In many ways, Nox isn't as good as Diablo. Nox's single-player game is a series of linear missions played on prerendered maps. It's oddly unsettling to play a game such as this and know that it's not randomly generated; you realize that you're being led by the nose from point A to point B, and that once you've seen it all, you won't see anything new again. Nox also doesn't have Diablo's town-centric, safe-house feeling. Nox's sequence of levels dictates when you go to town, whereas Diablo gives you the option to retreat to town when things get hot or you're loaded down with loot.

Nox also manages your statistics as you go up levels. This is common in console RPGs that are built around a group of prescripted characters, but it's a mistake in an action-RPG game that asks you to create, and identify with, your own character. You'll likely play through the entire game without ever checking, for instance, how high your character's strength is. Your character is defined only by his equipment. (Yes, his; there are no female characters in Nox.)

What's Hecubah to Him?

You'll find the worst RPG clichés in Nox's levels, such as FedEx missions ("Bring me my boots, and I'll reward you with a new spell and a mess of experience points"), some unimaginative key and button hunts, and searching for "stray" gold in people's houses. And Nox doesn't have nearly as much personality as Diablo. The game makes some limp efforts at NPCs, but the writing and voice acting come nowhere near Diablo's, which are done skillfully and creatively. Nox's story is utterly conventional, if you can overlook one of the most idiotic premises to ever set up a computer game: You are a guy wearing jeans, a T-shirt, and sneakers who is sucked out of a trailer park and into another world. Defeat the evil sorceress Hecubah, and you get to go back home. The back story of Westwood's Command & Conquer is like Tolstoy in comparison.

But in many other ways, Nox is actually better than Diablo. The flip side of Nox's linear, prescripted missions is that the single-player game is carefully tailored around the three classes (Conjurer, Wizard, and Warrior). Each class plays on the same maps, but in a different order and with some subtle customizations.

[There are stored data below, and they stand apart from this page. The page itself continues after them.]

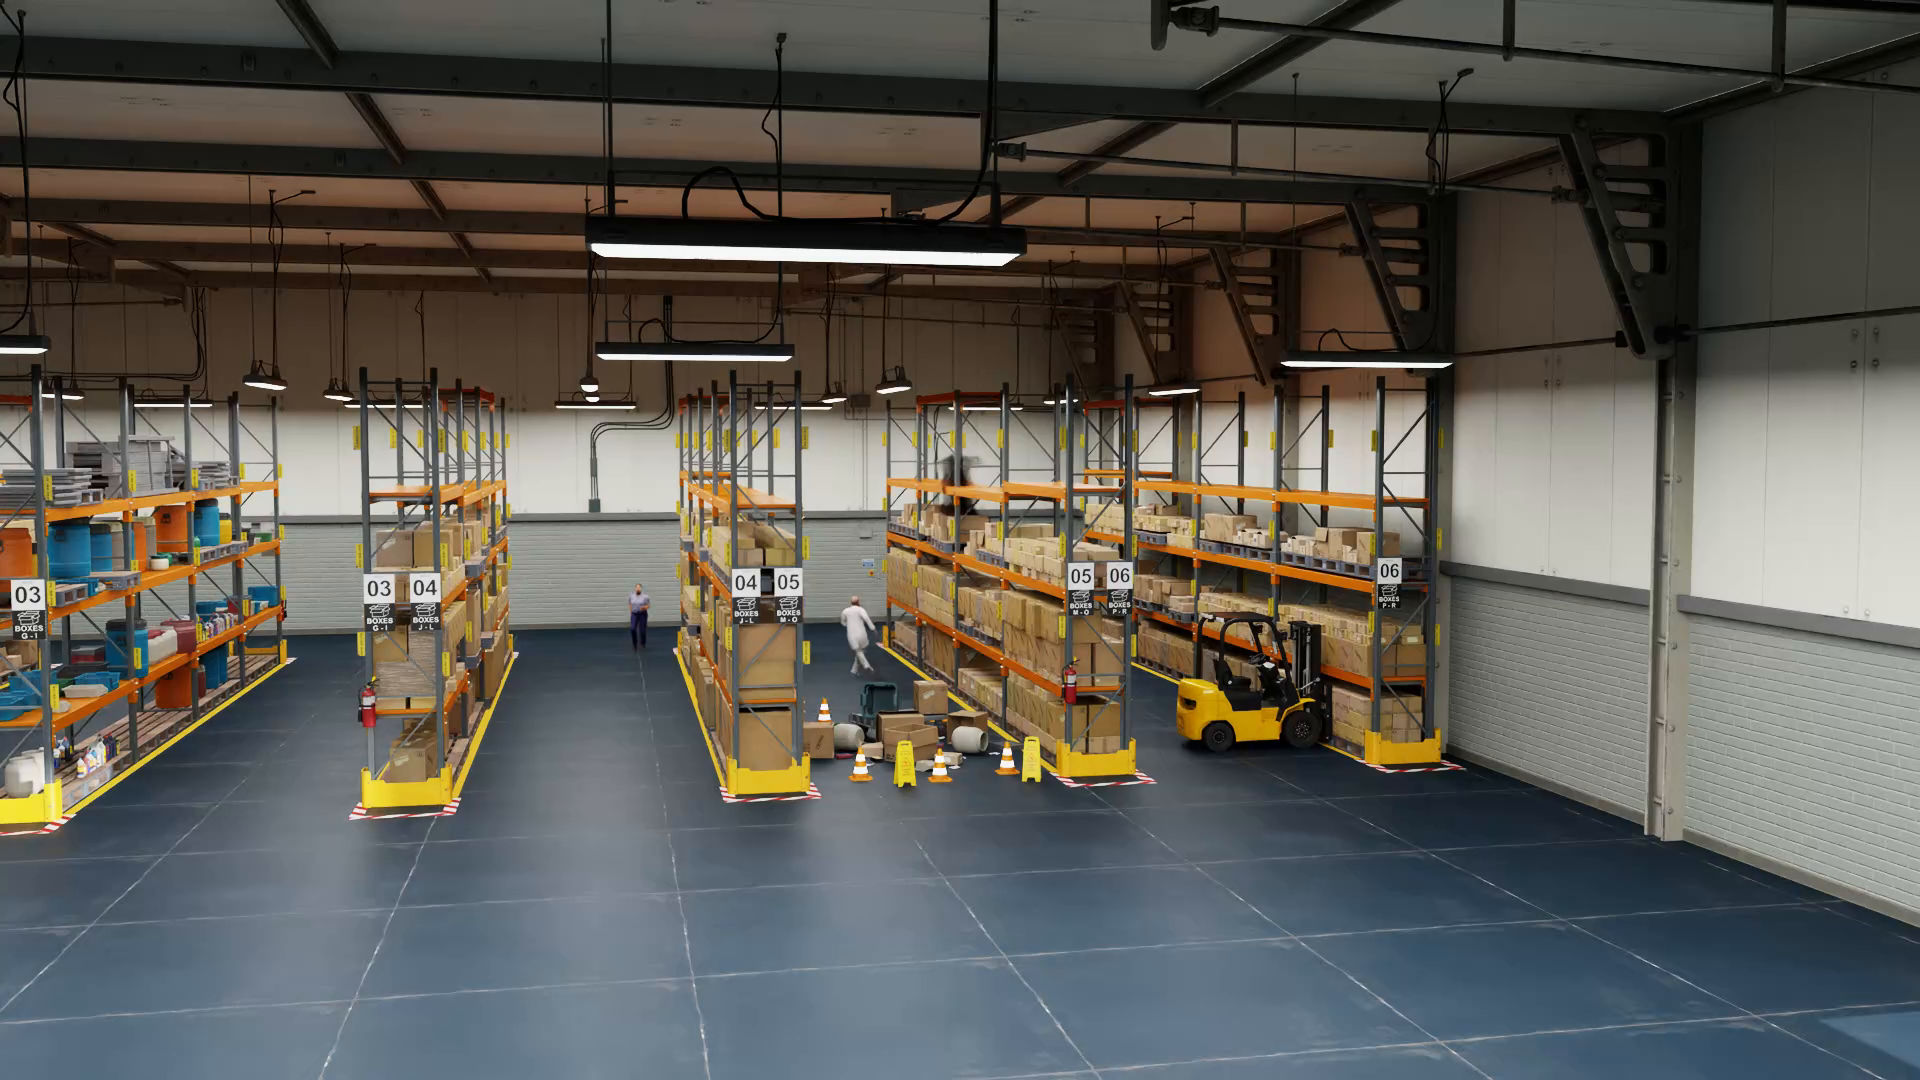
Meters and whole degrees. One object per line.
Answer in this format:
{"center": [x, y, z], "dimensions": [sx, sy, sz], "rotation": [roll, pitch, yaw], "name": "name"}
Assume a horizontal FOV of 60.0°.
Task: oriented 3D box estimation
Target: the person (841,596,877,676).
{"center": [-2.168, 2.074, 35.344], "dimensions": [0.820, 1.707, 0.756], "rotation": [1, 3, 9], "name": "person"}

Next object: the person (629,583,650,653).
{"center": [-7.626, 1.859, 39.530], "dimensions": [0.522, 1.653, 0.797], "rotation": [0, 3, -5], "name": "person"}
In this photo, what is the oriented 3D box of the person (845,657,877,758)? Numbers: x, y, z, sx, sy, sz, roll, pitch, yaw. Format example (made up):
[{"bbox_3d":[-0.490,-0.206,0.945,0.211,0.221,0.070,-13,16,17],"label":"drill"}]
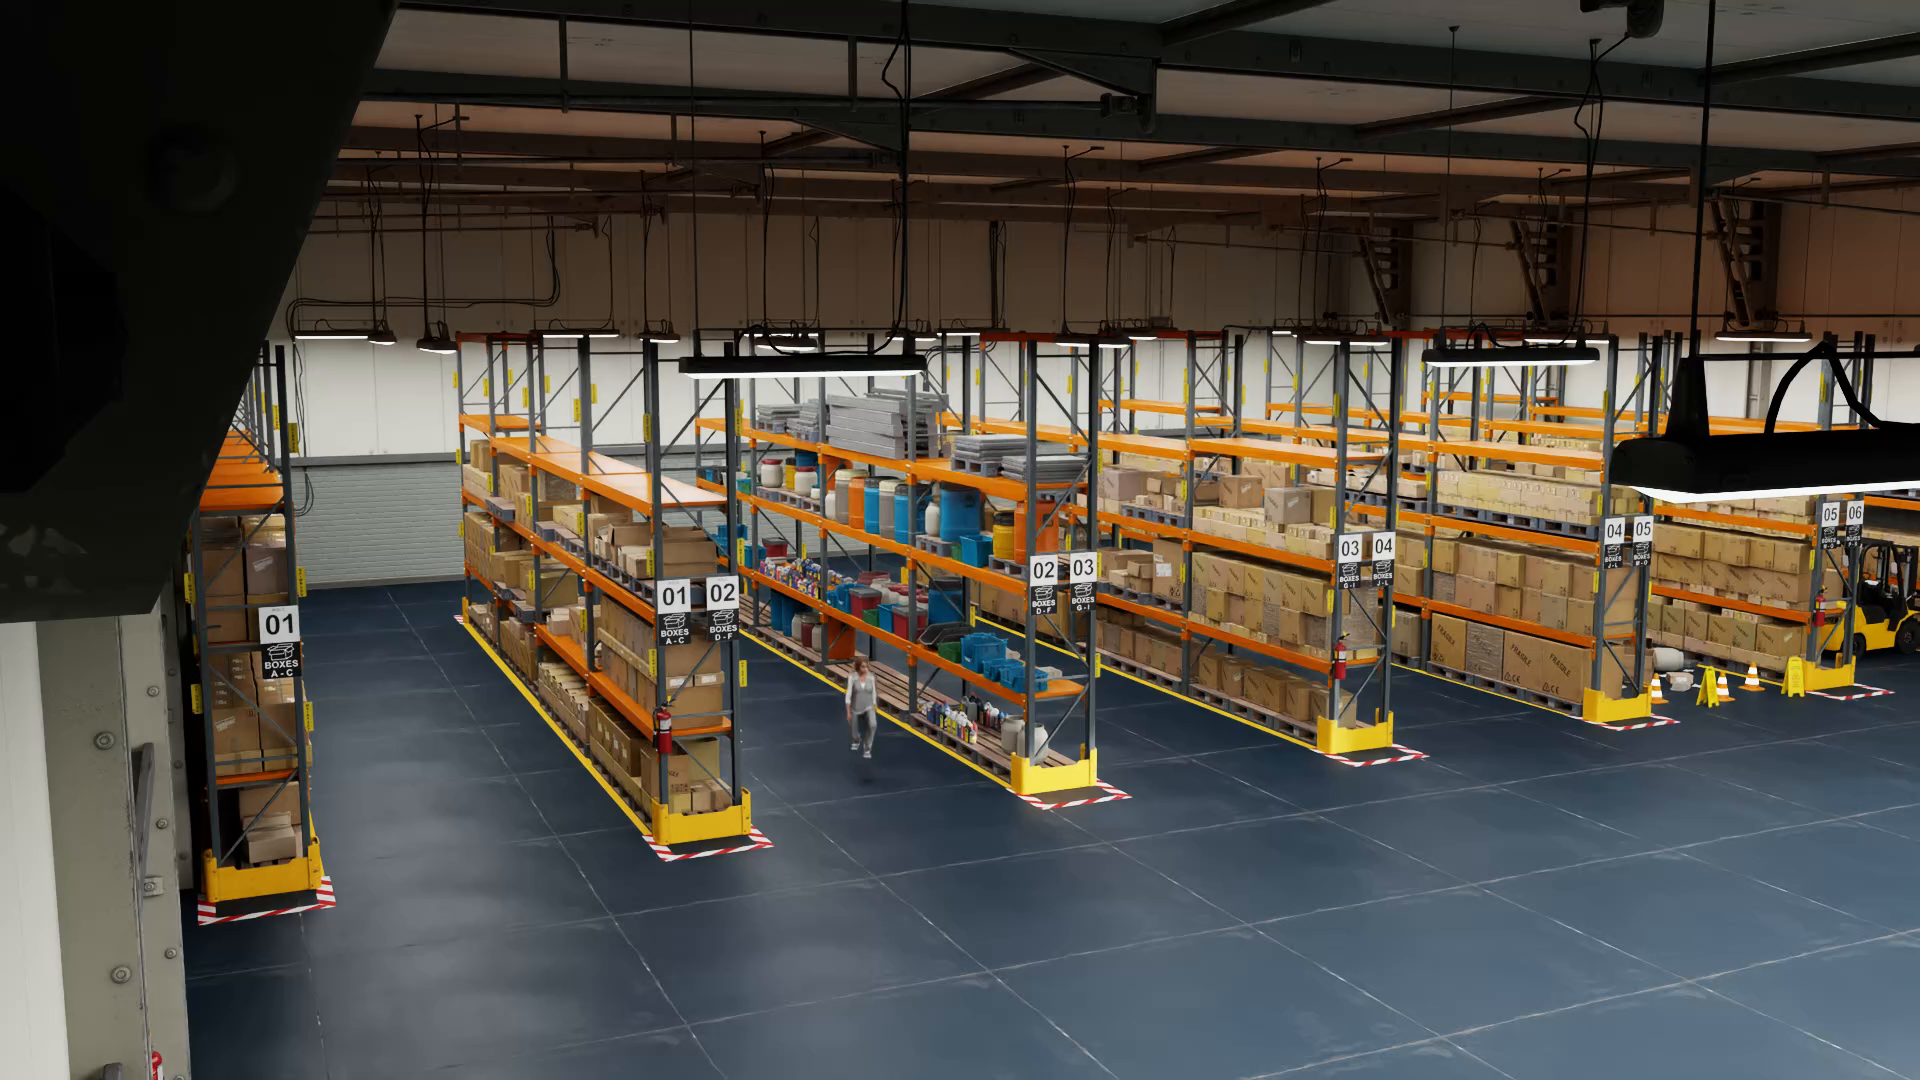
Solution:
[{"bbox_3d":[-1.363,2.302,22.966,0.442,1.389,0.893,-1,8,-8],"label":"person"}]

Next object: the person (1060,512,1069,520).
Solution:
[{"bbox_3d":[2.666,-0.076,41.356,0.488,1.648,0.844,5,9,32],"label":"person"}]

If you're playing a Warrior, for instance, you won't find yourself bogged down with an inventory screen full of useless mana potions, wands, and high-level spell books. If you're playing a Wizard, and you kill a boss, you won't be rewarded with the "Two-Handed Sword of Omnipotence That Spellcasters Can't Use."

Nox's Wizard and Warrior classes are standard fare: the Wizard class gets to play with some powerful and insidious spells, and the Warrior class looks mighty impressive mowing through opponents like a weed whacker on a Georgia driveway. But Nox's third class, the Conjurer, is a charming nod to the early RPGs that inspired this action/RPG genre. In Nethack and Rogue, two primitive RPGs drawn with ASCII characters, you would begin the game with a pet. This little character would follow you around faithfully, learn tricks, and help you fight. There was no sadder message in the history of computer gaming than "Little dog has died."